OpenGL ES should provide a good evolutionary path for the technology. The evolution should be very dynamic, too, since new phone models are released almost seasonally and smartphone users replace their hardware within every couple of years or sooner.

How big of a selling point will gaming need to become to get Nokia to adopt new processor technology at near the speed of the Asian markets? Seeing OpenGL ES 2 phones before the third quarter of 2008 in western markets would be good. Also, for the current generation 3D, one of the more gaming-oriented phone models should go all-out and use a ~165-Mhz-clocked graphics core.
 
Seems like Nokia knows how to commit to this platform for the long-term.

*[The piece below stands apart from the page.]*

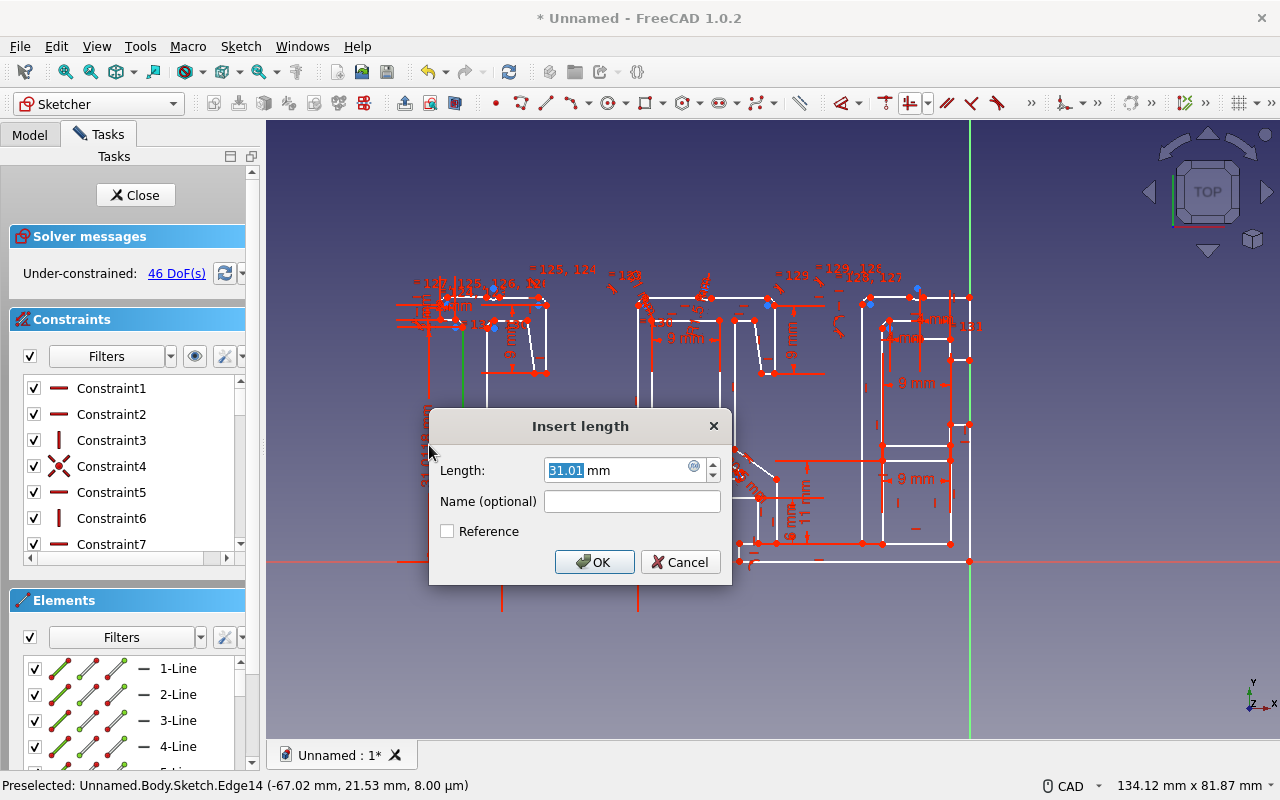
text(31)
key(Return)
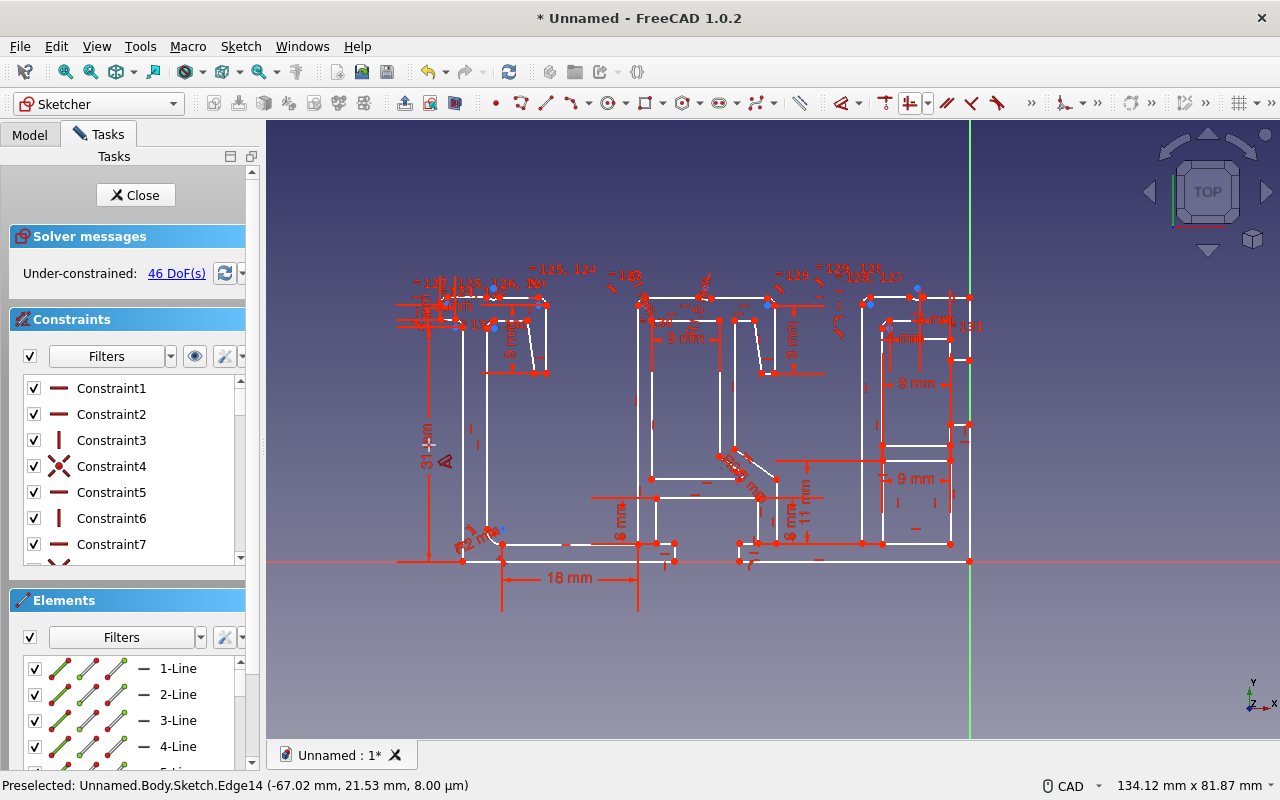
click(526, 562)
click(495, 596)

OpenGL ES should provide a good evolutionary path for the technology. The evolution should be very dynamic, too, since new phone models are released almost seasonally and smartphone users replace their hardware within every couple of years or sooner.

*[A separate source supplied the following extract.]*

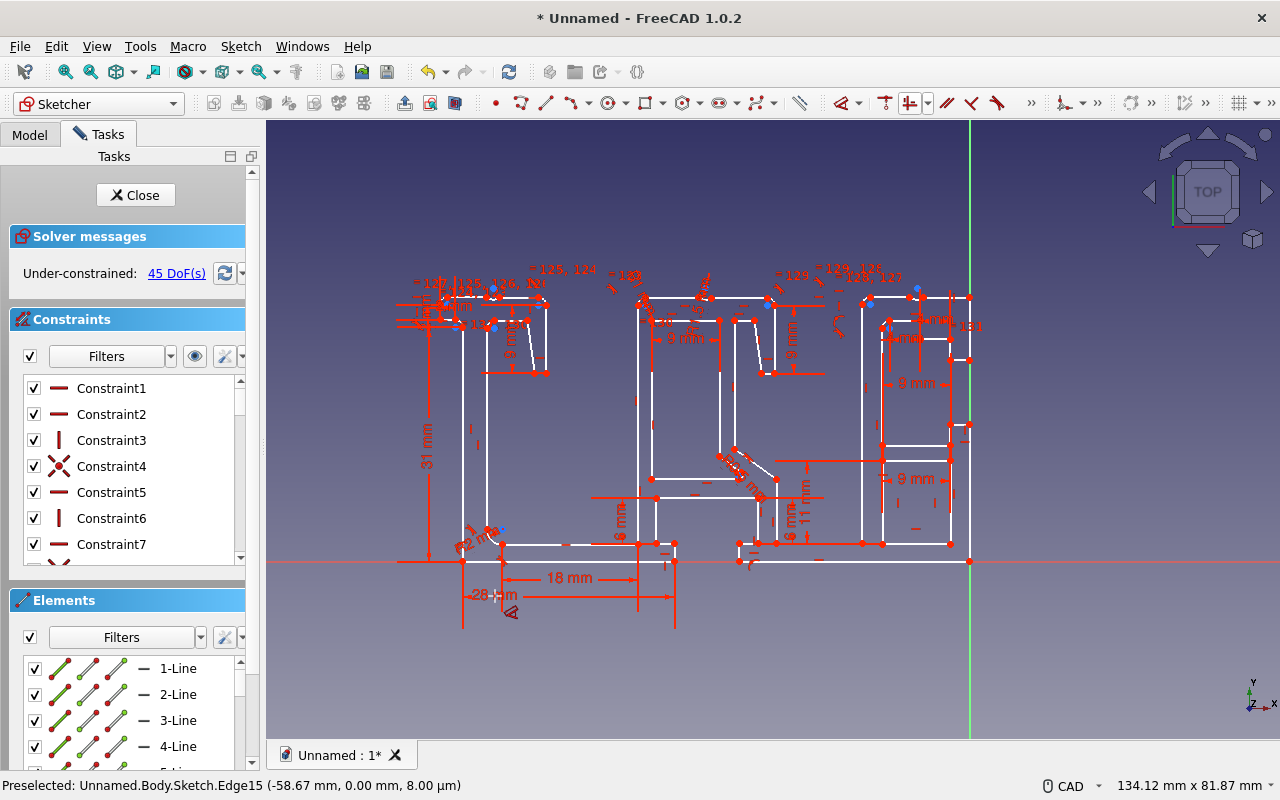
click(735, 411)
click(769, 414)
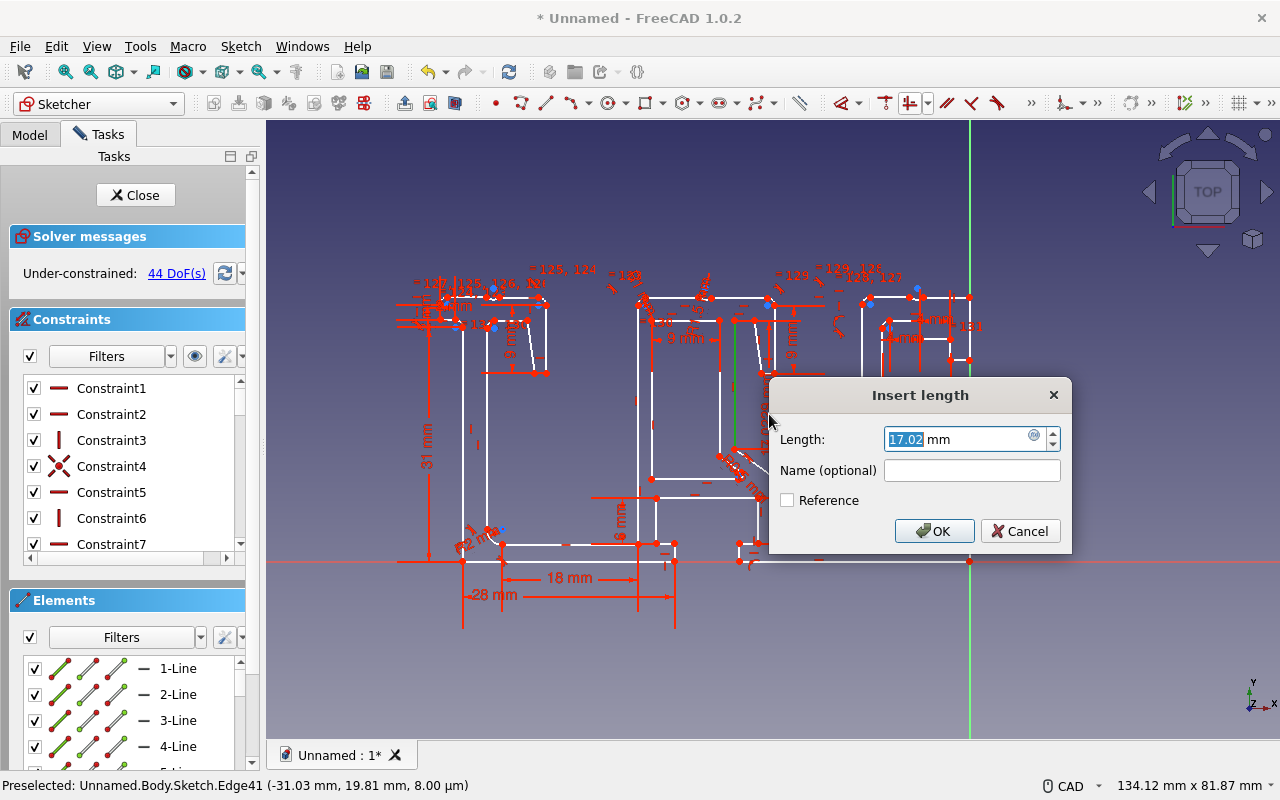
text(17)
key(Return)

How big of a selling point will gaming need to become to get Nokia to adopt new processor technology at near the speed of the Asian markets? Seeing OpenGL ES 2 phones before the third quarter of 2008 in western markets would be good. Also, for the current generation 3D, one of the more gaming-oriented phone models should go all-out and use a ~165-Mhz-clocked graphics core.

Nokia has been one of the most active companies in OpenGL ES 2.0 specification, and will certainly be one of the first to productize it (if not, consider me sacked:). Perhaps the most appealing feature of ES2.0 is the fact that industry gets rid of fairly large amount of vendor specific extensions that causes fragmentation to market and gives grey hair to the developer.

As said earlier, we try to do everything to minimize the feature differences between the devices. Let's take N93 for an example. We decided not to expose any of the hardware's vendor specific extensions, including vertex shaders. This was a painful decision but removed need of quite substancial double-codepath from applications. However, we did leave vendor specific texture compression available, since omitting that would have caused significant performance hit. In this case though, it is quite stright-forward from developer to include both compressed and non-compressed textures. This is one reason we drove OES_compressed_ETC1_RGB8_texture to ES2.0 spec. Every Nokia ES2.0 device will feature this compression format, guaranteed. And it seems to be no problem for every gfx core vendor out there to support it.

To answer to your question, my feeing is that gaming alone will never justify the adoptation speed of Asian market. There is no point of being the first in the market, but to be the first profitable in the market. However, gaming is not the only use case for graphics. Our S60 UI already is totally based on SVG, and OpenVG acceleration is becoming more and more important. In addition, OpenGL ES will be featured in number of non-gaming applications in future. And all of these combined justify the existance of graphics hw in a convergence product like our handhelds are.